After a month, Raj gets a call from TJ computers enquiring about his joining. When Raj meets Mr Soni, he gets to know that actually the report is normal and the test for HIV gave a negative result. Surprised and majorly relieved, Raj joins the organisation and begins a new life. Life offers him temptations again in the form of Sandy who comes for a job. For few minutes Raj gets carried away but when he asks her to submit a medical report with HIV test before joining the work, the word HIV brings him back to his senses, making him recollect his depression during the days he suspected himself of having HIV. Immediately Raj cancels his date with Sandy proving that transformation is a journey.

==Cast==
- Deepna Kumar as Malini
- Ajay Arora as Mr. Sharma
- Vidhi Sethi as Jenny
- Anil Monga
- Aashutosh Mishra
- Prateek Sharma
- Shree Upadhyaya
- Olga Samuel
- Manish Jain
- Kkaran Soni
- Jyoti Sachdeva
- Gaurav Kumar
- Kuldeep Lulla

==Production==
Principal photography took place for 2 weeks in March 2012. It was filmed in New Delhi, India and completed in September 2012.

===Music===
The background score and a song were composed by Manoj Singh. The music was produced in Mumbai, India. The following song is featured in the film.
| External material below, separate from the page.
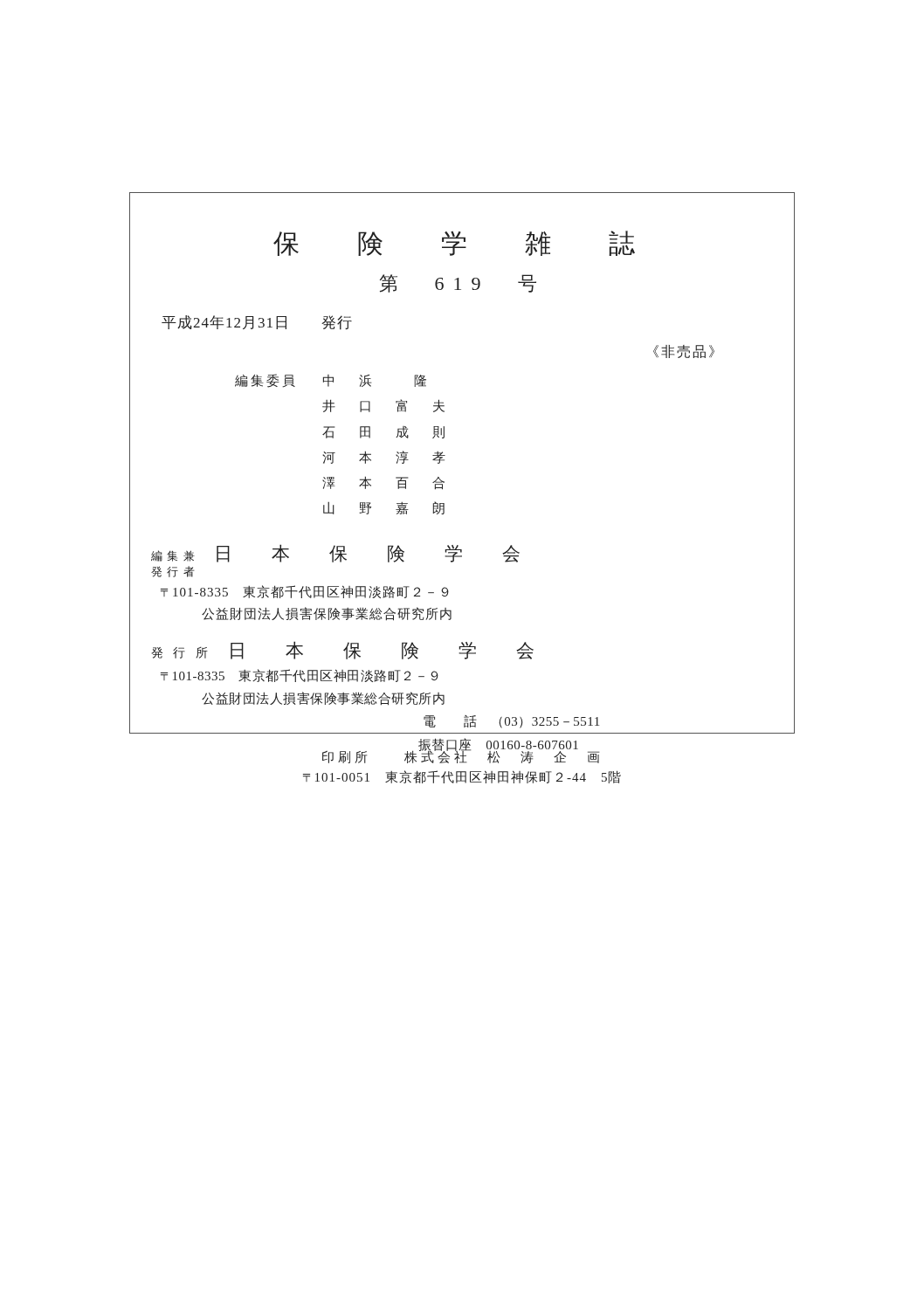
Task: Where is the passage that starts "編 集 兼発 行 者 日 本"?
Action: pyautogui.click(x=472, y=649)

- "Badal Gayi Meri Zindagi Chand Lamhon Mein" by Shabana Shaikh, performed by Mahesh Jayaraman.

==Accolades==
- Official selection at the Delhi International Film Festival 2012.
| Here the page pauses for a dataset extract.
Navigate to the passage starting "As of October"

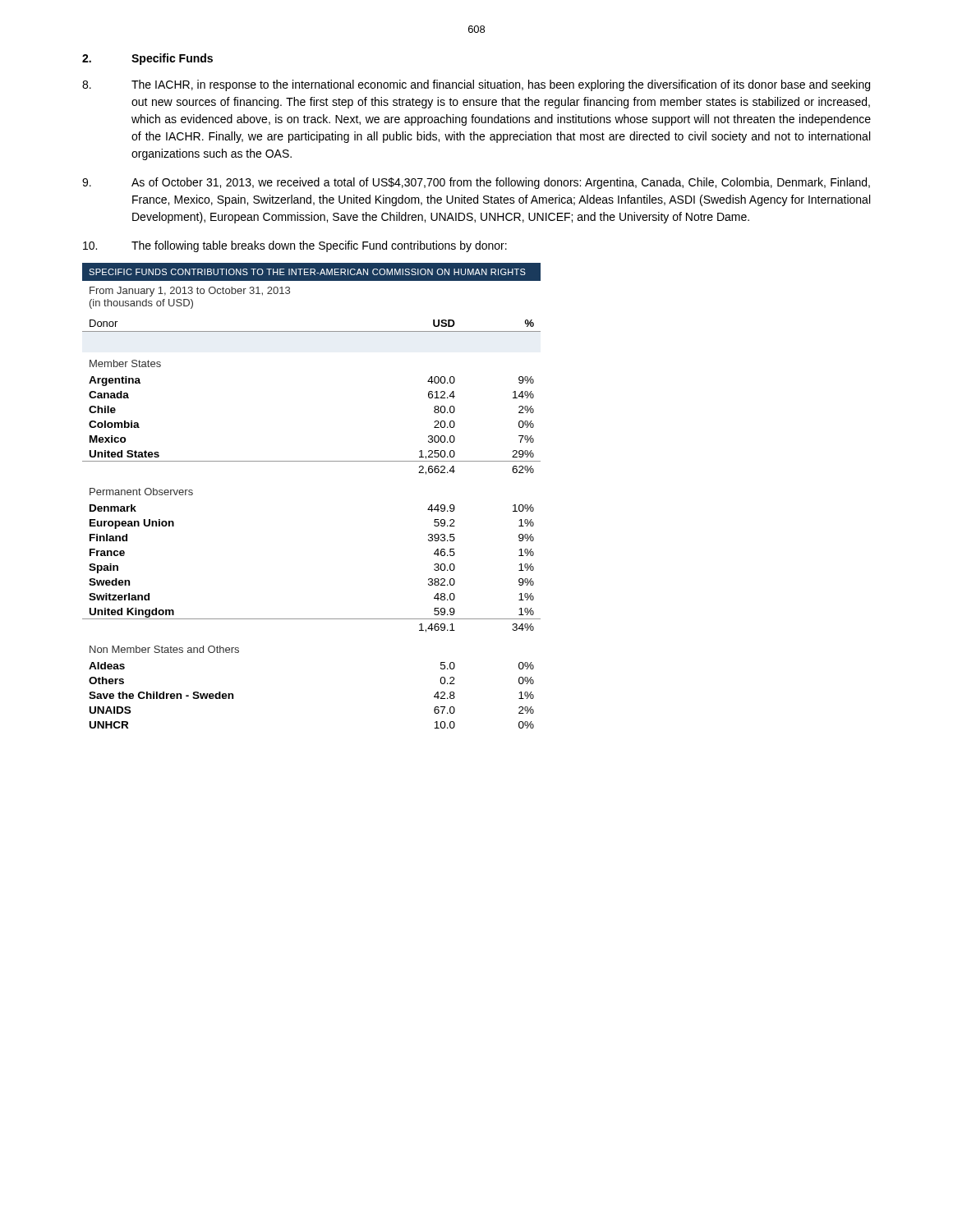476,200

- Nominated for the Best Screenplay at the Hot Media International Film Festival 2012.
- Honorable Mention award at the International Film Festival for Peace, Inspiration & Equality (IFFPIE) 2013 in Jakarta, Indonesia.
- 3rd prize winner at the 6th Boomtown Film & Music Festival 2013, Texas.
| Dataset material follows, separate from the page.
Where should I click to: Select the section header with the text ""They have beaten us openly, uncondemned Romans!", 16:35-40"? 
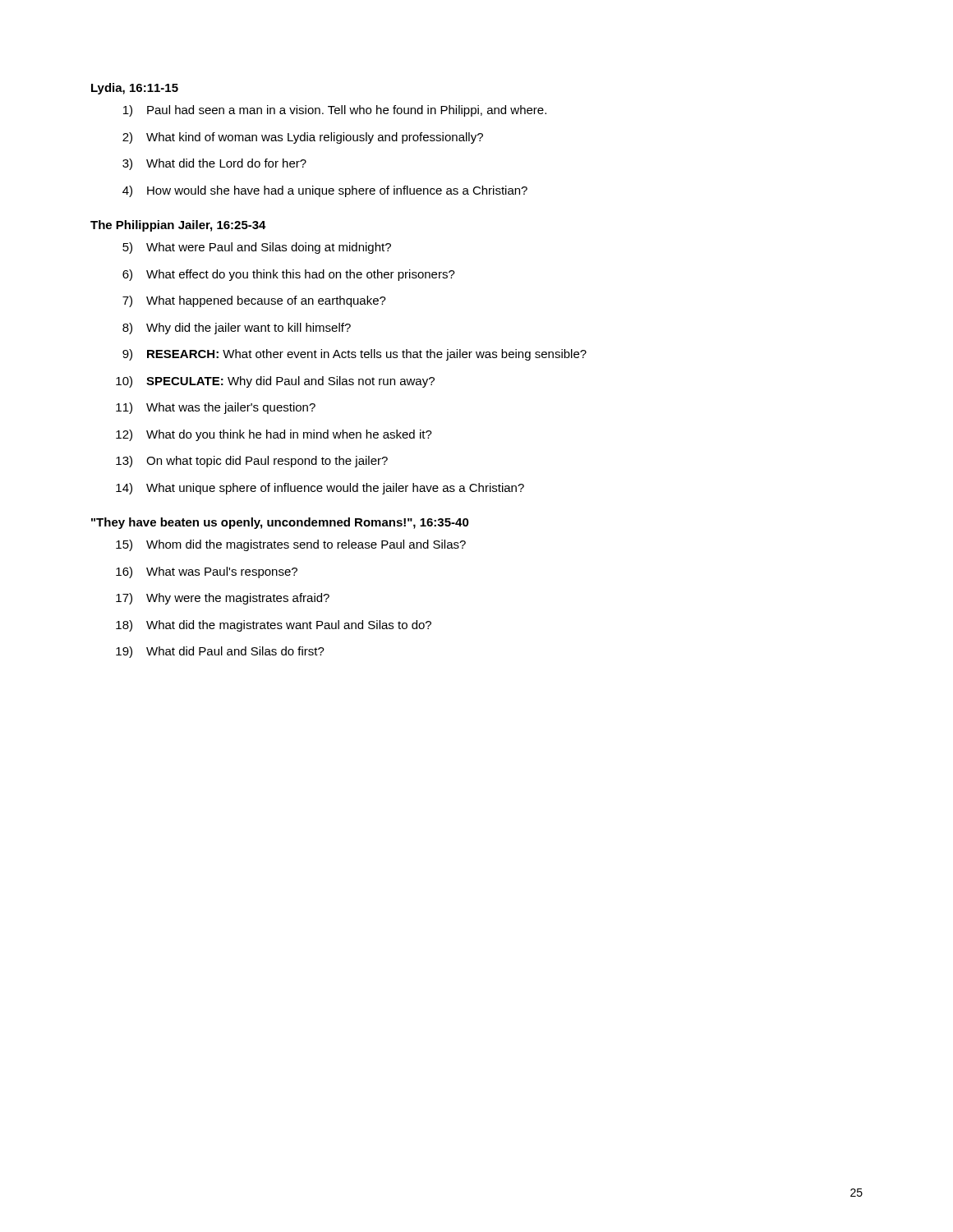[x=280, y=522]

- Nominated for the Best South East Asian Film and Best Director at the World Music & Independent Film Festival 2013, Washington D.C.
- Official Selection at the Trinity International Film Festival 2013, Detroit, USA.
- Won Best film in Religious/Spiritual category at the Great Lakes International Film Festival 2013.
- Won Best Screenplay Award at the Free Spirit Film Festival 2013, India.
- Honorable Mention Award at the International Film Festival of Spirituality, Religion and Visionary 2013.
- Won "Silver Award – Short film competition" at the 2014 California Film Awards, USA.
- Won "Royal Reel Award" at the Canada International Film Festival 2014.